Elaeagnus-infective strains were characterized based on the PCR-RFLP HaeIII profile of the nifDK region (Nalin et al., 1997 ). One representative strain of each nif-HaeIII profile was used for the nifDK intergenic region identification. PCR amplifications were performed in a total volume of 50 µl, in 0·2 ml Eppendorf tubes, using a thermocycler (9600; Perkin-Elmer).
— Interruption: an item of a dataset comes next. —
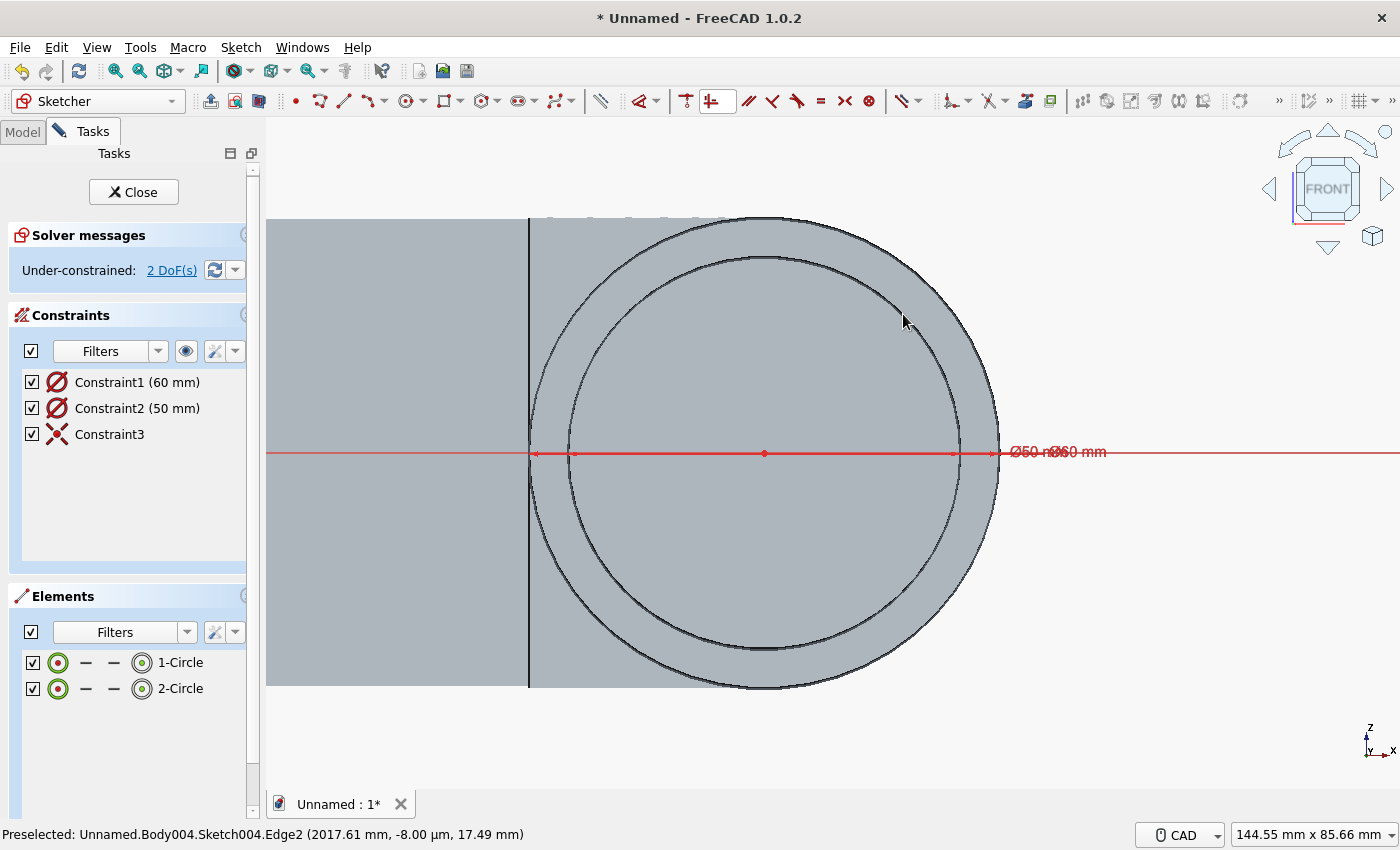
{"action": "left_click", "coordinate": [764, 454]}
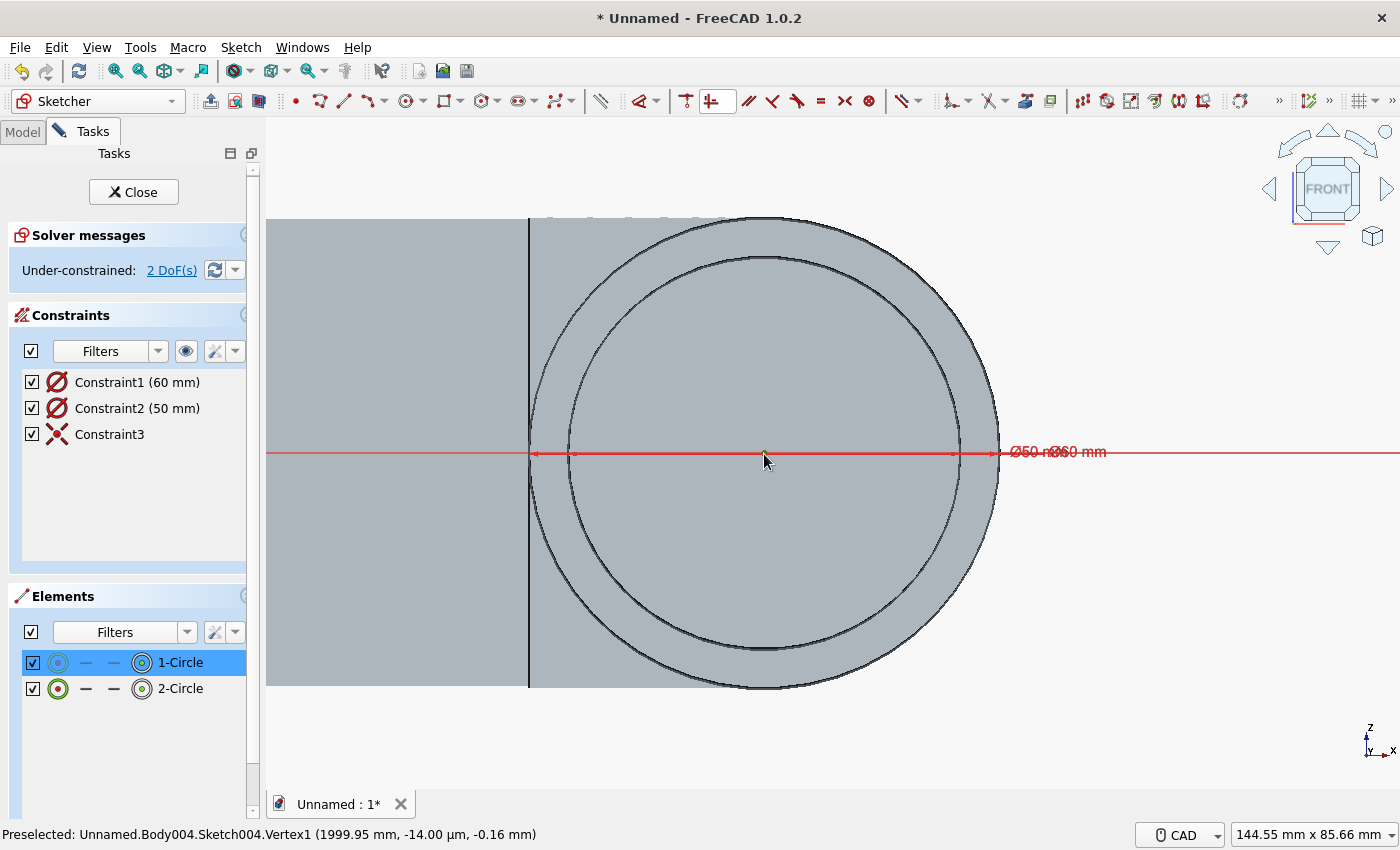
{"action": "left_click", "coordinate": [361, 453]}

Amplification of the nifDK region directly from cells in liquid cultures was performed with primers FGPD807 (5'-CACTGCTACCGGTCGATGAA-3') and FGPK700' (5'-CGAGGTAGGTCTCGAAACCGG-3') as described by Jamann et al. (1993 ). Five microlitres of liquid culture was added to the reaction buffer [10 mM Tris/HCl (pH 8·3), 1·5 mM MgCl2, 50 mM KCl, 0·01% (w/v) gelatin], 200 µM each dNTP, 1 µM each primer and 2·5 units Taq polymerase (Gibco-BRL). The following program was used: initial denaturation for 2 min at 94 °C, and 35 cycles of denaturation (45 s at 95 °C), annealing (45 s at 55 °C) and extension (45 s at 72 °C), the final extension being longer (2 min at 72 °C). Before sequencing, the amplification reaction mix was purified with Centricon-30 concentrators (Amicon-Grace). The amplicons were sequenced using the Amplicycle Sequencing Kit (Perkin-Elmer) by the direct sequencing method of Winship (1989
). The two amplification primers were used as well as FGP-D169 [5'-ATGGACATCGC(CG)ATCAA-3'], FGP-K333' (5'-CCGGGCGAAGTGGCT-3') and FGP-K1 (5'-GTGACGACGACTCCC-3'), FGP-K64' (5'-CCTCGTCCTTGAACA-3') described by Navarro et al. (1997
). The sequences were determined on both strands (GenBank accession nos AJ25138891 and AJ2513934).
DNA sequence analysis.
The phylogenetic analyses were based on the sequences of an approximately 420 bp DNA fragment of the nifDK intergenic region according to Nalin et al. (1999 ). Sequences were aligned and compared with the alignment of 14 closely related Frankia strains described by Navarro et al. (1997
), using the multiple-alignment CLUSTAL X algorithm (Thompson et al., 1997
), with manual refinements in the non-coding regions. Distances were calculated by pairwise comparison according to Kimuras two-parameter model (Kimura, 1980
), and phylogenetic analyses were made using the neighbour-joining distance method of Saitou & Nei (1987
). The topology of the tree was tested by performing 1000 bootstraps (Felsenstein, 1985
) and parsimony analysis (Swofford, 1993
).
Lipid extraction and analysis.
Total cultures were sonicated for 3 min at 60% of the maximal power and 50% active cycles (Sonifier 250; Branson UltraSonics) for each strain and each treatment and for three replicates. Lipids from the sonicated samples were extracted according to Bligh & Dyer (1959 ) (CHCl3/CH3OH/H2O, 2:2:1·8, by vol., 38 ml). Total lipids extracted from each sample were concentrated under nitrogen to a volume of 50 µl immediately prior to the HPLC injection.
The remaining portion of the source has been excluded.